Otogi has asked for the wisdom of the Perl Monks concerning the following question:

Line[ ]above\n (Description[ ]"(.*)"\n)? Line[ ]below\n
is there any way to differentiate between the following two target strings:
Line above Description "xyz" Line below Line above Line below
The problem is the lower string will return blank and the one above also will return blank if "xyz" is not there. Right now I bracket the whole line to know if the line actually exists or not but thats dumb, there must be a better way. Any thoughts? I hope I was clear please ask if you need more clarification on some point.

Thank you.

Replies are listed 'Best First'.
Re: regex problem
by GrandFather (Saint) on Feb 27, 2006 at 22:02 UTC

    It's not clear to me what you are trying to achieve, but maybe the following will point you in the right direction:

    use strict; use warnings; while (<DATA>) { next if ! (/Line above/ .. /Line below/); next if ! /Description\s+"([^"]*)"/; print "Found $1 in line $.\n"; } __DATA__ Line above Description "xyz" Line below Line above Line below

    Prints:

    Found xyz in line 2

    DWIM is Perl's answer to Gödel
Re: regex problem
by diotalevi (Canon) on Feb 27, 2006 at 22:05 UTC

    Assuming the pattern matched, $1 will be true if there was a description line. $2 will contain the description. As an optimization, you can get a faster pattern match by not putting your spaces into character classes. That just slows the engine down.

    ⠤⠤ ⠙⠊⠕⠞⠁⠇⠑⠧⠊

      As an optimization, you can get a faster pattern match by not putting your spaces into character classes. That just slows the engine down.
      I smell premature optimization...

      You're correct. However, there is not enough information from the OP to determine if that's a good idea.

      -QM
      --
      Quantum Mechanics: The dreams stuff is made of

        Someone recently estimated to me in a BOTE calculation that [ ] is 10x slower. That is, this hamstrings the screamingly fast boyer-moore literal string matching part of the regex engine and compiles /xxx[ ]xxx/ down to exact("xxx"), anyof(" "), exact("xxx") where it was originally exact( "xxx xxx" ).

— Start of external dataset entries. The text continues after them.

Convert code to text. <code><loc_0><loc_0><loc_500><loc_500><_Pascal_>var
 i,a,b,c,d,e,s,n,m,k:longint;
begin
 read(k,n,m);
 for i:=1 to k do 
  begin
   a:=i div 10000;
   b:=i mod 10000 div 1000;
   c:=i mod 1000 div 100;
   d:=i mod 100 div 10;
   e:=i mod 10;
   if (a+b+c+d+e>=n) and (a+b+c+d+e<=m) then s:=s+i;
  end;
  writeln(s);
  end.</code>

        You've changed the regex from one for a seven character literal to one that contains two three character literals. That changes how the engine matches and it changes how quickly the BM part of the engine can either discard entirely or find suitable candidates. It also causes more overhead because three ops have to be executed instead of just one.

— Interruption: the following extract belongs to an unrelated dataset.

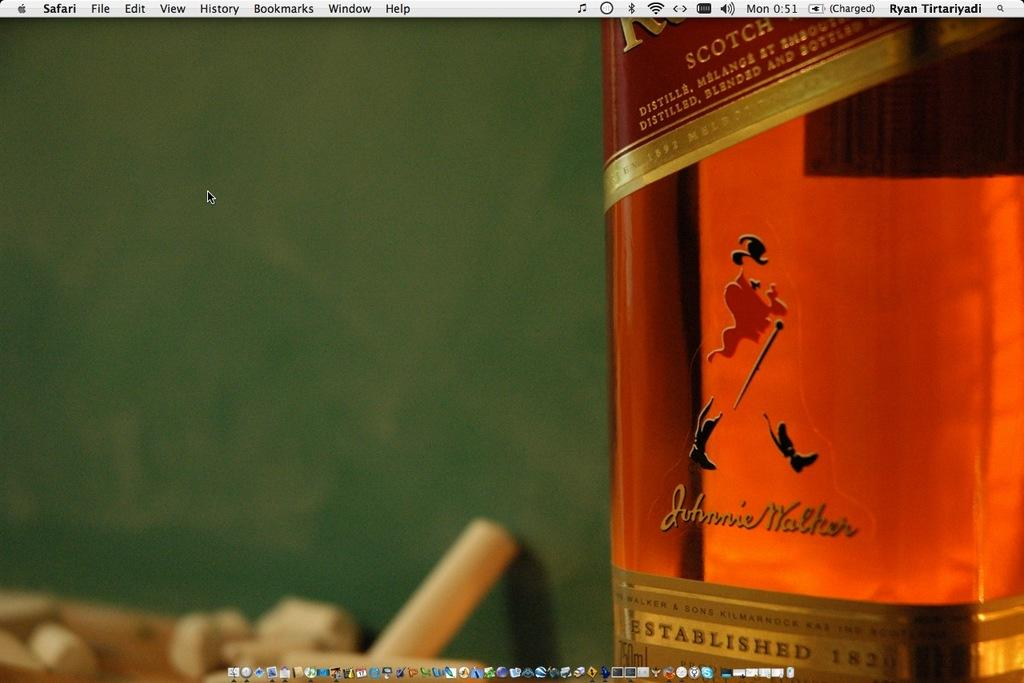What is the main object in the image? There is a wine bottle in the image. What color is the background of the image? The background of the image is green. How much debt is associated with the wine bottle in the image? There is no information about debt in the image, as it only features a wine bottle and a green background.

        I'm asserting that [ ] is pretty to look at but has serious consequences to the regexp's performance. I wouldn't ordinarilly choose the pretty version in that case. I rarely ever use /x though so I don't need to escape my spaces.

        ⠤⠤ ⠙⠊⠕⠞⠁⠇⠑⠧⠊

Re: regex problem
by ambrus (Abbot) on Feb 28, 2006 at 11:53 UTC

    I don't think it's dumb to use a bracket just to see which branch of a regexp succeeded, or at least I do that too. For example, in the glob_to_re sub of my cgrep script, I use empty brackets for this reason. (Update: I've used ampersands as a regexp delimiter in a stupid moment, so look for m& if you can't find it.)